5. The mechanical hoistway access control device of claim 4, wherein the linkage member is a roller rotatably attached near a door opening side end portion of the slider on the hoistway side surface.

6. The mechanical hoistway access control device of claim 1, wherein the slider includes a latch groove provided in the upper side of the intermediate portion of the slider, the latch groove being configured to engage with the latch when the slider is in the extended position.

7. The mechanical hoistway access control device of claim 6, wherein the latch has a L-shaped configuration and is disposed at a position such that a shorter side portion of the L-shaped configuration is oriented in a door closing direction of the landing door and a longer side portion of the L-shaped configuration is oriented in the downward direction and overlaps with a door closing side portion of the slider to slidably hold the door closing side portion of the slider between the longer side portion of the latch and the landing door, the latch being pivotally attached to the landing door in the vicinity of a corner section of the L-shaped configuration, andwherein the latch groove is configured to engage with the shorter side portion of the latch when the slider is in the extended position.
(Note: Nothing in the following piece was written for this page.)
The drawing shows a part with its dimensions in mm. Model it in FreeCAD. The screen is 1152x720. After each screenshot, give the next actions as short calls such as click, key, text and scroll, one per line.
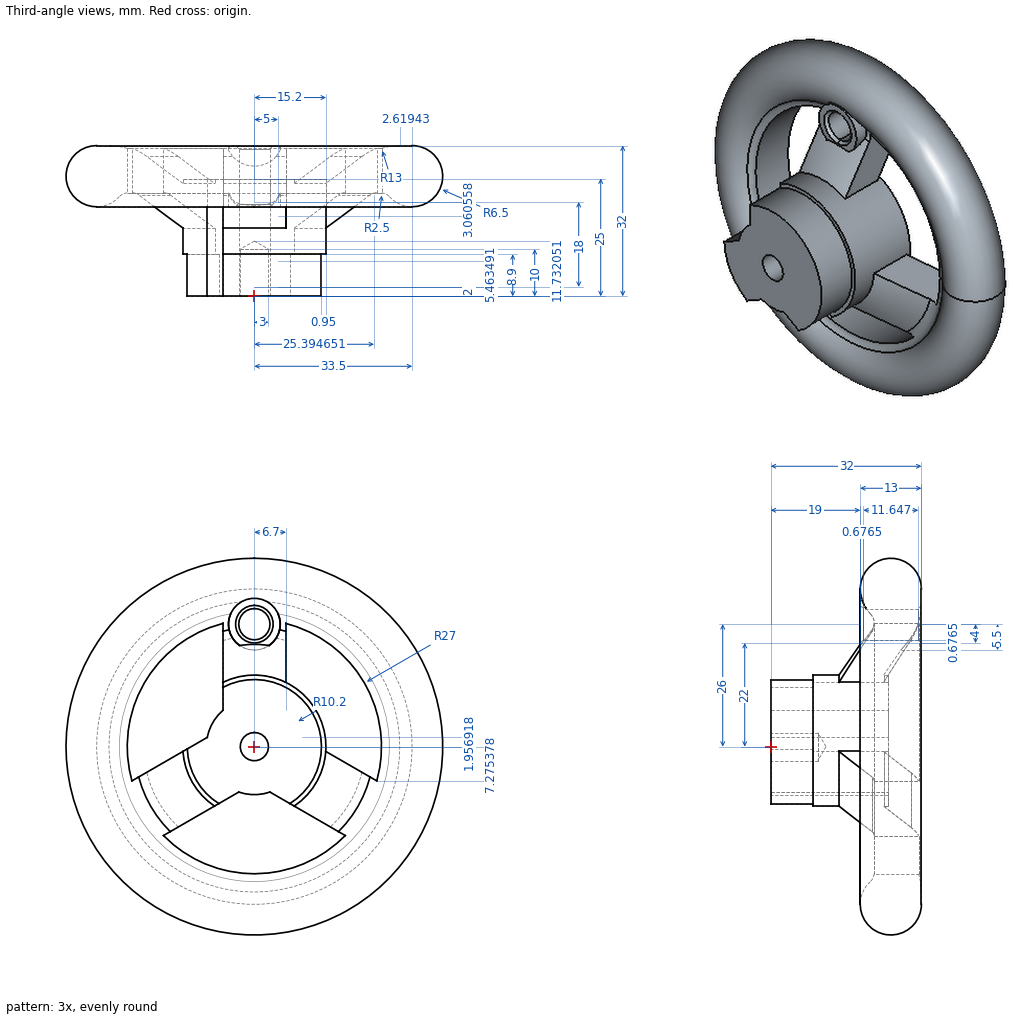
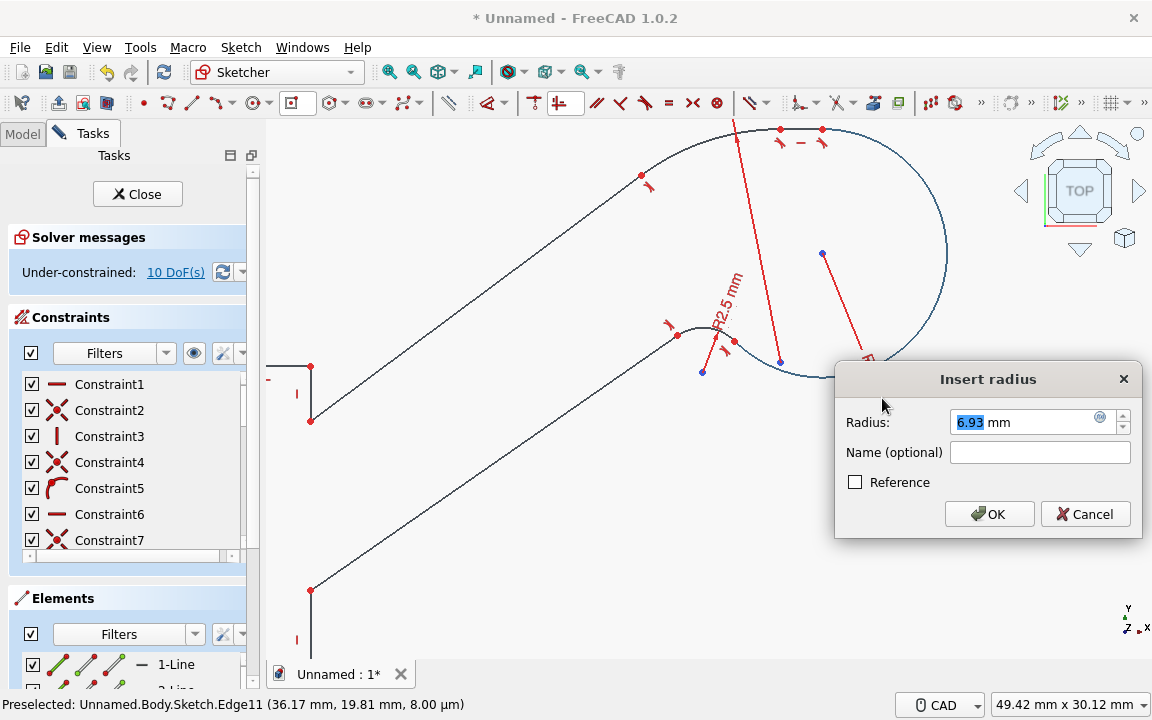
text(6.5)
key(Return)

8. The mechanical hoistway access control device of claim 7, wherein the shorter side portion of the latch has a thickness portion protruding against the landing door, the thickness of which being slightly larger than the thickness of the slider, the thickness portion having a lower edge configured to be in slidable contact with the slider.

9. The mechanical hoistway access control device of claim 7, wherein the first elastic member is attached at one end to the latch near the corner section of the L-shaped configuration and attached at the other end to the slider near a door opening side end portion of the slider, andwherein the slider is held in a retracted position under a tension by the first elastic member so that the slider protrudes out from the door closing side end of the landing door when the landing door is opened with no elevator car at the landing.
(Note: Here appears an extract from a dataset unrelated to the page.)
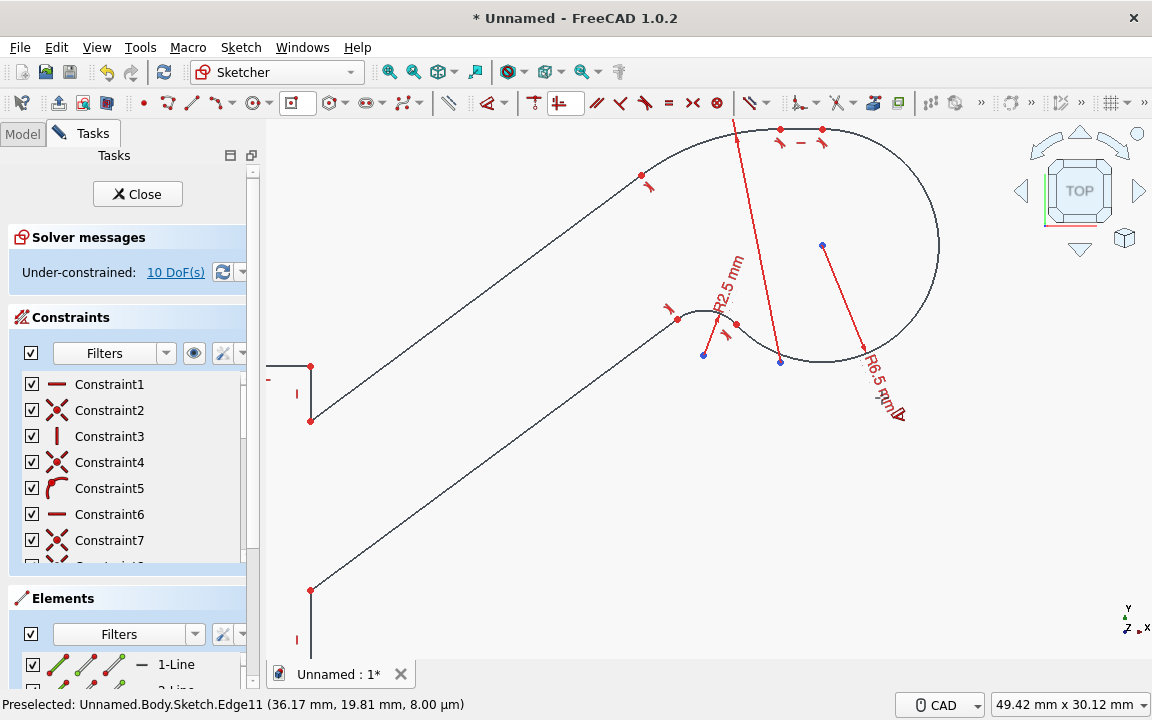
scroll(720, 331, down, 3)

10. The mechanical hoistway access control device of claim 9, wherein a second elastic member is attached at one end to the latch near the longer side end of the L-shaped configuration and attached at the other end to the first base plate arranged in the lower position than the second base plate near the intermediate portion of the first base plate, andwherein the second elastic member biases the latch in the latching direction.

11. The mechanical hoistway access control device of claim 3, wherein the mechanical hoistway access control device is disposed in proximity to the landing door switch.

12. The mechanical hoistway access control device of claim 1, wherein the first and the second base plates, the slider and the latch are formed of a steel plate.

13. The mechanical hoistway access control device of claim 1, wherein the first and the second base plates, the slider and the latch are disposed on a base member, and wherein the mechanical hoistway access control device is attached to the upper portion of the landing door through the base member.

14. The mechanical hoistway access control device of claim 1, wherein the first elastic member is a spring.

15. The mechanical hoistway access control device of claim 10, wherein the second elastic member is a spring.